S'estimer est certainement un des exercices les plus difficiles et pourtant indispensable en amont de la négociation pour transformer un savoir-faire et un savoir-être en salaire. « Il faut être lucide sur ses qualités et ses défauts. Pour les identifier, il ne faut pas hésiter à demander l'avis de collègues, d'amis de promo ou de proches. Il faut ensuite sélectionner ce qui semble le plus valorisant au regard du poste », conseille Émilie Soulez.
Parler argent quoi qu’il en coûte.
« Aborder le sujet de la rémunération demande une certaine subtilité. La crispation de l'employeur relève souvent d'un problème de forme », souligne Aurélien Filoche, rappelant au passage que la rémunération négociée, mensuelle ou annuelle, doit toujours être exprimée en brut. Afficher ses prétentions salariales dès le début de l'entretien est un comportement rarement bien perçu. Le sujet de la rémunération et la négociation qui s'ensuit seront plus faciles à aborder après une présentation complète du candidat, de ses qualités personnelles et humaines, et de ses compétences techniques correspondant à ses formations et son expérience. « Une fois qu'on a posé les choses et qu'on a livré ses arguments, on affiche un souhait de rémunération et on laisse un temps de silence. Ce n'est plus le moment de se justifier », explique Émilie Soulez.

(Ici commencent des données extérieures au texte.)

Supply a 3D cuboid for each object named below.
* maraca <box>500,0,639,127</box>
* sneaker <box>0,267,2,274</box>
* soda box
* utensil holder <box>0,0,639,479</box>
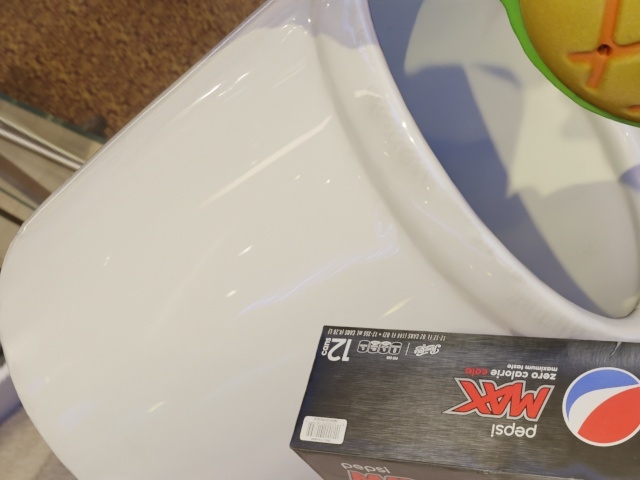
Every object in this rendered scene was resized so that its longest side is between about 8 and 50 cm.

Qui dit négociation dit échange entre les deux partis : « Si l'employeur fait une contre-proposition, il faut se laisser le temps de répondre. On n'est pas obligé de conclure un deal dès le premier entretien. » Le type de contrat est également un critère déterminant. « Pour un remplacement ou un CDD, se rendre disponible rapidement peut être un critère de négociation. Dans le cadre d'un CDI, c'est différent. Il faut savoir être raisonnable si on veut être crédible et créer une relation durable », observe Valentin. « L'engagement est effectivement une compétence qui se valorise sur le long terme », confirme Aurélien Filoche. Une valorisation financière, mais également en termes de formation ou d'élargissement des responsabilités. En outre, un salaire peut être renégocié régulièrement, rappelle le cofondateur de OuiPharma : « Cela implique que l'employeur soit en capacité d'évaluer le travail d'un collaborateur, à travers des objectifs et à l'occasion d'entretiens réguliers. » La négociation salariale recoupe alors un autre sujet : la capacité à manager.